Moreover, the de facto detention does not follow fundamental procedural safeguards as required by international law. Asylum seekers report that they are not provided with clear information on the reasons and duration of their placement in the quarantine zone. Moreover, without formal detention orders and no access to effective remedies, they are unable to legally challenge their deprivation of liberty while being detained in the ‘quarantine zone.’ Furthermore, their detention is not promptly reviewed by a competent court as required, inter alia, under Article 5(4) ECHR and Article 9(4) ICCPR. 

However, it is not only the procedures related to the de facto detention that make it arbitrary but also the conditions in the ‘quarantine zone’. In its above-mentioned General Comment No. 35, the Human Rights Committee reiterated that detention conditions must be appropriate to the purpose of detention. In that regard, the ECtHR reminded us in Saadi v. UK that the detention of asylum seekers is not a criminal detention but one of those who fled their country, which calls for appropriate conditions. However, the appalling, sub-standard detention conditions in the CCAC contradict this principle and may even amount to a violation of the prohibition of inhumane and degrading treatment, in violation of, inter alia, Article 3 ECHR, 7 ICCPR and the UN Convention against Torture, Inhumane and Degrading Treatment. 

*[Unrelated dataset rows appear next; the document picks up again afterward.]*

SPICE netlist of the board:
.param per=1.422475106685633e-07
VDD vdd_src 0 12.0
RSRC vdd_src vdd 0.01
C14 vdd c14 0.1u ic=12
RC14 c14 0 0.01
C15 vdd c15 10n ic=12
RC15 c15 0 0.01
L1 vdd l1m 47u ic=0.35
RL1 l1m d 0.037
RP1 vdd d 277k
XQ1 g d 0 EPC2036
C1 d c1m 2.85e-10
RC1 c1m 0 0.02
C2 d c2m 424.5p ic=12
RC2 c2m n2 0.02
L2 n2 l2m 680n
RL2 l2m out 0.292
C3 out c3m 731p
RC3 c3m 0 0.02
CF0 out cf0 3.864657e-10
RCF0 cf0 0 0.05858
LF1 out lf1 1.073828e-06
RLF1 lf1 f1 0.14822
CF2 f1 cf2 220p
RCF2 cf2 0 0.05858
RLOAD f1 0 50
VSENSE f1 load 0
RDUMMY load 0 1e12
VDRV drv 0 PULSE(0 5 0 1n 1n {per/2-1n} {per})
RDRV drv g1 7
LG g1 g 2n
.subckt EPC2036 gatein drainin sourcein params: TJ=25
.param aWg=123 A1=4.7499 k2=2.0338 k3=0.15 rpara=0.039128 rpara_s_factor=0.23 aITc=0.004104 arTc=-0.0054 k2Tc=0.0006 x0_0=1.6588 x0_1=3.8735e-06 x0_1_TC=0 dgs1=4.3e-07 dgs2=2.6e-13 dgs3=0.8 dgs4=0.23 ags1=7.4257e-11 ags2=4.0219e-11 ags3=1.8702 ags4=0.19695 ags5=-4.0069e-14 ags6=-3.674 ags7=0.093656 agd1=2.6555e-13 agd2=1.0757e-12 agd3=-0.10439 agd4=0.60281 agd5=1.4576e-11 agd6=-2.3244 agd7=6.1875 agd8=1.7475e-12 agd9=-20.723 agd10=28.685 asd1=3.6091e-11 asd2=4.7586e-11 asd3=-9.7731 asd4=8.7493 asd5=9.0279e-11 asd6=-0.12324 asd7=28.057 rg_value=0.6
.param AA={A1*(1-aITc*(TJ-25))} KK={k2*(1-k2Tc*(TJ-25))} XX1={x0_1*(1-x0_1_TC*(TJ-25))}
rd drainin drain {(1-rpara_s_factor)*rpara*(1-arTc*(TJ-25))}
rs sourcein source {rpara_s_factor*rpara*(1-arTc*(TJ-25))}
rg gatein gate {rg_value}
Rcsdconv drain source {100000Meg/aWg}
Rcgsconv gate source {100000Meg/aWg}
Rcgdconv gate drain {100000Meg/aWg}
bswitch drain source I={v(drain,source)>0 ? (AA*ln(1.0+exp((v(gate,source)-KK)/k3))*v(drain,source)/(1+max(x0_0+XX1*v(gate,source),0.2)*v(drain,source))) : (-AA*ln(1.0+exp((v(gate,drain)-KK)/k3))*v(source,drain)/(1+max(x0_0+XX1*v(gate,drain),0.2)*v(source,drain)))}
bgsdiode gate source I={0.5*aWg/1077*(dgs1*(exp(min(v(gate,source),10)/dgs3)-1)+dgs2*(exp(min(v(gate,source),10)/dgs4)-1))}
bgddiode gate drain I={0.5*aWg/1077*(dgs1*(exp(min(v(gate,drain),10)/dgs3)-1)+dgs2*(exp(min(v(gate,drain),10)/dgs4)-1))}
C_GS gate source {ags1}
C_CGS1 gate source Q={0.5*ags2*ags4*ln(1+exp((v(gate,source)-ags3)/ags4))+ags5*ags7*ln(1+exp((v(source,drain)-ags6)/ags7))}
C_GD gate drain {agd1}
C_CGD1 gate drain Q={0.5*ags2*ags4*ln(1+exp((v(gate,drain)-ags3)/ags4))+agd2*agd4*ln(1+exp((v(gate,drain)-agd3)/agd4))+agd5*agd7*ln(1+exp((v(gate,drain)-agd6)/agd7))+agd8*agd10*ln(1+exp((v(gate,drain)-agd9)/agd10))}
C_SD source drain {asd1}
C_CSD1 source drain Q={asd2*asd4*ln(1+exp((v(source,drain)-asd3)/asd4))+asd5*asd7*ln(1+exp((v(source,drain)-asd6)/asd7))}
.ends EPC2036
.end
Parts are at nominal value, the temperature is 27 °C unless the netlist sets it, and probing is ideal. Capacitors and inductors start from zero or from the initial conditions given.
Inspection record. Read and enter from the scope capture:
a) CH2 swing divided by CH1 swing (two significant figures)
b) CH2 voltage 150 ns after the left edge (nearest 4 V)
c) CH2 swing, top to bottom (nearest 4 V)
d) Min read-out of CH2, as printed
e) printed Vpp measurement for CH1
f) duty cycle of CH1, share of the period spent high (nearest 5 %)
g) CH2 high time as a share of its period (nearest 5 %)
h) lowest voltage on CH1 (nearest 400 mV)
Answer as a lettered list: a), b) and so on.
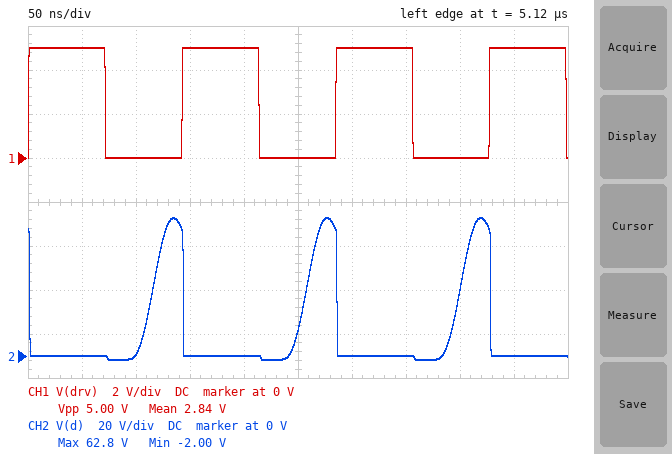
a) 13
b) 0 V
c) 64 V
d) -2.00 V
e) 5.00 V
f) 50 %
g) 20 %
h) 0 V
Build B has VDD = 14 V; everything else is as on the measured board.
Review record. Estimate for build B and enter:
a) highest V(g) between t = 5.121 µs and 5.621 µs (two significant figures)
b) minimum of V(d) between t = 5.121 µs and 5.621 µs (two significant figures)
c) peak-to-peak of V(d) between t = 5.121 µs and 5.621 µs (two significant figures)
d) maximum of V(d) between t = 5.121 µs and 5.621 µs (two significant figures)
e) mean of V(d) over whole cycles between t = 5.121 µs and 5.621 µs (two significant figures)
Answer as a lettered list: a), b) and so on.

a) 5.0 V
b) -2.0 V
c) 75 V
d) 73 V
e) 14 V
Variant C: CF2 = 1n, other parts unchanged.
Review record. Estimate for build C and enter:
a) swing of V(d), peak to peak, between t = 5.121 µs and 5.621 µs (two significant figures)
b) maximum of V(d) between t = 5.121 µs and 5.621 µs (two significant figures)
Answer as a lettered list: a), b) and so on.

a) 61 V
b) 59 V
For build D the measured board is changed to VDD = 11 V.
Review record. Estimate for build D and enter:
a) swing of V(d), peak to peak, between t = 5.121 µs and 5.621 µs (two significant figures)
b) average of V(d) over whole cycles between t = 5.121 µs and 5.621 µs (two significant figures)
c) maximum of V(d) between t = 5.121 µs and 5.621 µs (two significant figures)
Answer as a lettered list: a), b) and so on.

a) 60 V
b) 11 V
c) 58 V
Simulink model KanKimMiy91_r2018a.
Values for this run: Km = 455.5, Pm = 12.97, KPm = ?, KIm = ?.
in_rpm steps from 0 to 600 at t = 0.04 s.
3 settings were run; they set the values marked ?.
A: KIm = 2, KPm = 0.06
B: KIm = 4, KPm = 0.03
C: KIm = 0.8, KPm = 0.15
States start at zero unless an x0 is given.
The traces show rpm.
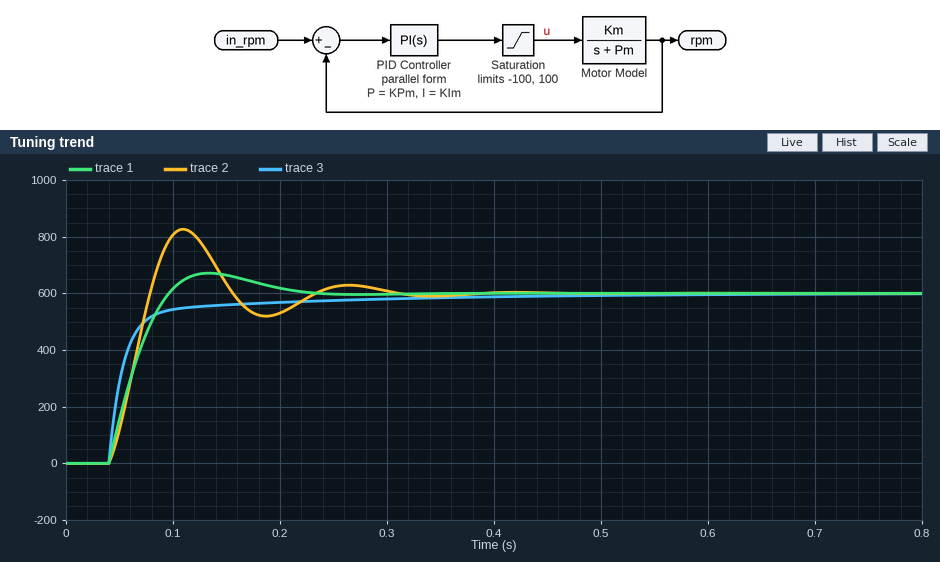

Reports from Samos show that the containers in the ‘quarantine zone’ are severely overcrowded. Reportedly, eight to 40 people share one 25 square meter container, leaving each individual with approximately 3 to 0.6 square metres of personal space. This falls severely below the standard of 4 square metres per person, required by the Committee on the Prevention of Torture’s standards. The severe overcrowding and a lack of beds, mattresses and blankets also force people to sleep on the floor, sometimes only on a piece of cardboard. The Border Violence Monitoring Network even reported on a case of a pregnant woman being forced to sleep on the floor. Moreover, no separate containers are provided for families, women, or minors, raising significant safety concerns

Furthermore, the hygienic conditions are appalling. People have no access to showers and laundry facilities. Their access to sanitary facilities is insufficient with facilities being in poor conditions, sometimes lacking doors which raises further privacy and safety concerns. There are regular water cuts and if water is available, it is cold. On top of that, the supply of hygiene products is insufficient, if not completely absent, leaving newly arrived asylum seekers with limited access to sanitary facilities and without any hygiene products for up to 3 weeks after their arrival. 

Taken together, these factors illustrate that asylum seekers on Samos are systematically subjected to a regime of arbitrary and unlawful de facto detention that severely violates their right to liberty. They are furthermore at the immediate risk of inhumane and degrading treatment, further undermining their fundamental rights. 

One can only imagine the impact this must have on the mental health of those newly arrived, in particular of those who we might call vulnerable, which includes, inter alia, minors, the elderly, and survivors of torture or human trafficking. All in all, it shows the human dimension of the ever-expanding securitisation of migration to the detriment of migrants’ human rights. It must also raise the question of how to counter the compromise of human rights for political ends if we are truly committed to the universality and inalienability of human rights.